What unique features does Salad offer for NVIDIA GeForce RTX 4080?

Salad differentiates itself with: Lowest pricing via residential node network; Decentralized consumer GPU network. These features may provide advantages depending on your specific workflow requirements and technical needs. Evaluate how these capabilities align with your ML infrastructure goals when making your decision.

How do I get started with NVIDIA GeForce RTX 4080 on Salad?

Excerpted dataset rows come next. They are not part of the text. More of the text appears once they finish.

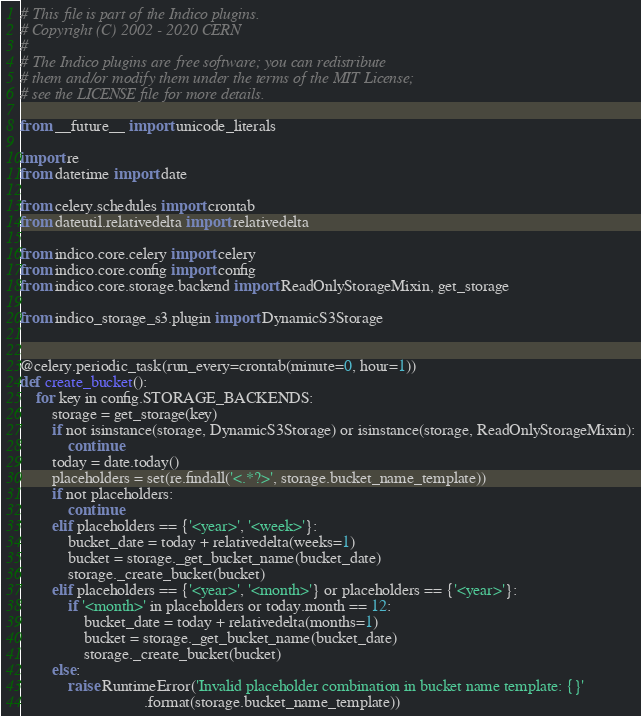Convert code to text. <code><loc_0><loc_0><loc_500><loc_500><_Python_># This file is part of the Indico plugins.
# Copyright (C) 2002 - 2020 CERN
#
# The Indico plugins are free software; you can redistribute
# them and/or modify them under the terms of the MIT License;
# see the LICENSE file for more details.

from __future__ import unicode_literals

import re
from datetime import date

from celery.schedules import crontab
from dateutil.relativedelta import relativedelta

from indico.core.celery import celery
from indico.core.config import config
from indico.core.storage.backend import ReadOnlyStorageMixin, get_storage

from indico_storage_s3.plugin import DynamicS3Storage


@celery.periodic_task(run_every=crontab(minute=0, hour=1))
def create_bucket():
    for key in config.STORAGE_BACKENDS:
        storage = get_storage(key)
        if not isinstance(storage, DynamicS3Storage) or isinstance(storage, ReadOnlyStorageMixin):
            continue
        today = date.today()
        placeholders = set(re.findall('<.*?>', storage.bucket_name_template))
        if not placeholders:
            continue
        elif placeholders == {'<year>', '<week>'}:
            bucket_date = today + relativedelta(weeks=1)
            bucket = storage._get_bucket_name(bucket_date)
            storage._create_bucket(bucket)
        elif placeholders == {'<year>', '<month>'} or placeholders == {'<year>'}:
            if '<month>' in placeholders or today.month == 12:
                bucket_date = today + relativedelta(months=1)
                bucket = storage._get_bucket_name(bucket_date)
                storage._create_bucket(bucket)
        else:
            raise RuntimeError('Invalid placeholder combination in bucket name template: {}'
                               .format(storage.bucket_name_template))
</code> 
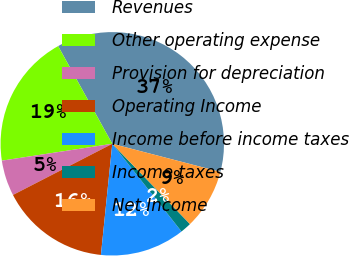<chart> <loc_0><loc_0><loc_500><loc_500><pie_chart><fcel>Revenues<fcel>Other operating expense<fcel>Provision for depreciation<fcel>Operating Income<fcel>Income before income taxes<fcel>Income taxes<fcel>Net Income<nl><fcel>37.11%<fcel>19.36%<fcel>5.16%<fcel>15.81%<fcel>12.26%<fcel>1.61%<fcel>8.71%<nl></chart>

To get started with NVIDIA GeForce RTX 4080 on Salad, visit https://salad.com?utm_source=gpuperhour&utm_medium=referral to create an account. Most providers offer a straightforward signup process, and some provide initial credits for new users. Once registered, you can typically launch a NVIDIA GeForce RTX 4080 instance within minutes through their dashboard or API. We recommend starting with a small experiment to familiarize yourself with the platform before scaling up to larger workloads.

Related Pages

Compare RTX 4080 Across Providers

The RTX 4080 is available from 1 provider on GPUPerHour. Here is how other providers compare:

For a full comparison across all providers, see the RTX 4080 rental page. See all GPUs on Salad.